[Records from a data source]
▶

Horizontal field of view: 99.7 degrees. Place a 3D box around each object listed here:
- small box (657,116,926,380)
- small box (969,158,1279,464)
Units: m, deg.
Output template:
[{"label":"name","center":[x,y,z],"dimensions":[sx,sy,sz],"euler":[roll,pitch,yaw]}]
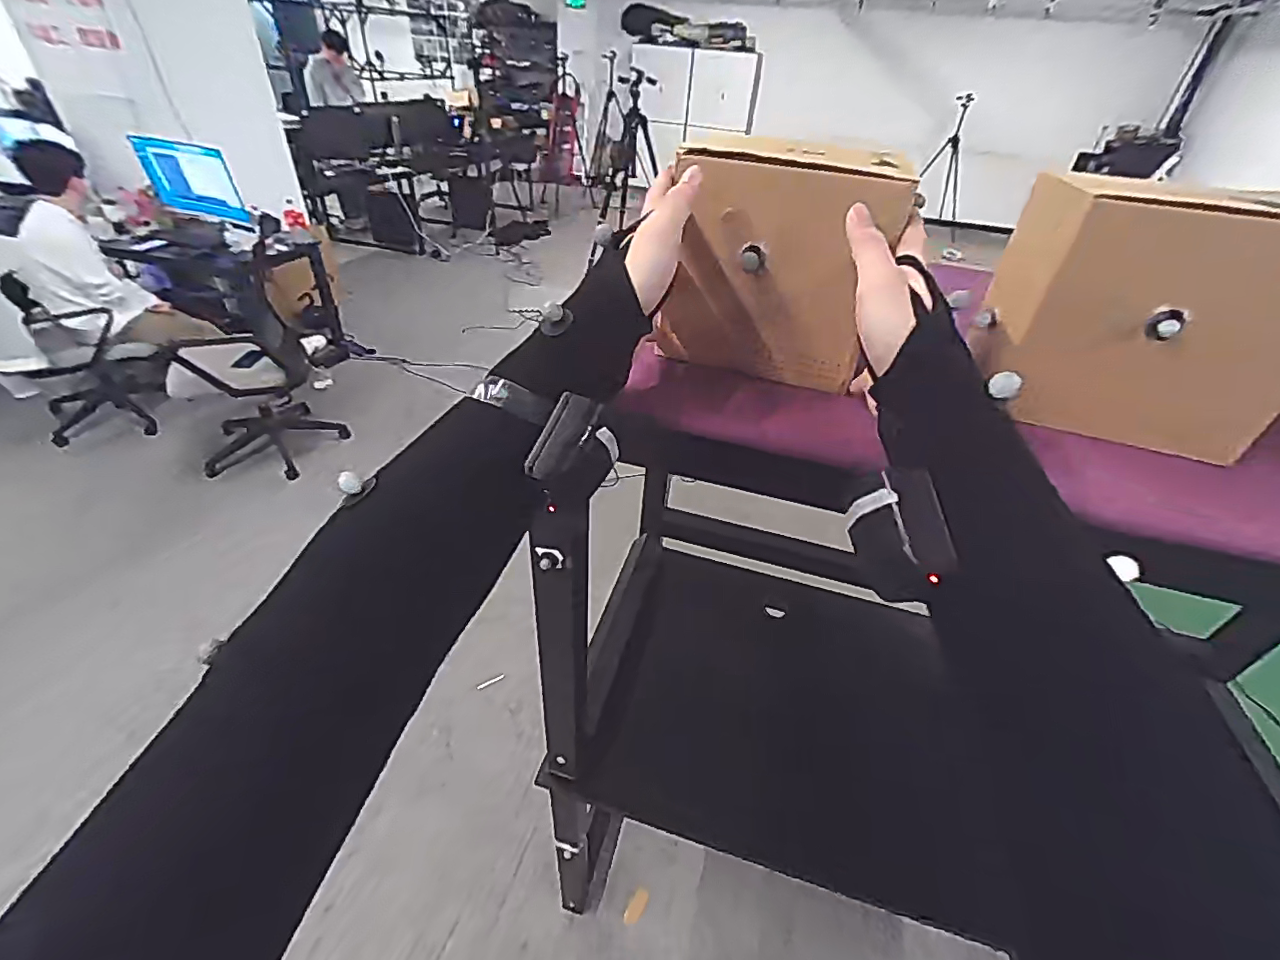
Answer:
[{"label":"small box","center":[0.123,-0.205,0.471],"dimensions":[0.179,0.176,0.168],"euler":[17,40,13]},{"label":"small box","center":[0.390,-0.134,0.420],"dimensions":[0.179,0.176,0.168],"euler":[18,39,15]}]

◀
▶

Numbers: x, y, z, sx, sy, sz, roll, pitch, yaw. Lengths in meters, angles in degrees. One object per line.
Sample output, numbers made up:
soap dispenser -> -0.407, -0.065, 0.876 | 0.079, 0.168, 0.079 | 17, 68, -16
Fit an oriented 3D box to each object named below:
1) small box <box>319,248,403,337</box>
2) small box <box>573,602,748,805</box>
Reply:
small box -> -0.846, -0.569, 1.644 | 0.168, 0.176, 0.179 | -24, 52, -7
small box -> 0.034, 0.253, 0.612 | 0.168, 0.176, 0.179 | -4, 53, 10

◀
▶

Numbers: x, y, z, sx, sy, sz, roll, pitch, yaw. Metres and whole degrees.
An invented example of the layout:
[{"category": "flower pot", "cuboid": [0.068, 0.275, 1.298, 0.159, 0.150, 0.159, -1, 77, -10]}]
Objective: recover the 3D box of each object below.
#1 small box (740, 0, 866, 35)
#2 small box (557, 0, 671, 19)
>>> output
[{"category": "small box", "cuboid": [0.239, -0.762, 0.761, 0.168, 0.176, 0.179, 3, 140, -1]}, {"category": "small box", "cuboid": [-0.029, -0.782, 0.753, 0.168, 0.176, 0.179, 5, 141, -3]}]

◀

> **Task details**
Every line that holds the word "object" should be copied from the records above.

> **Your solution**
Horizontal field of view: 99.7 degrees. Place a 3D box around each object listed here:
Numbers: x, y, z, sx, sy, sz, roll, pitch, yaw. Lengths in meters, angles in degrees. One object per line.
Fit an oriented 3D box to each object named below:
Objective: recover the 3D box of each object below.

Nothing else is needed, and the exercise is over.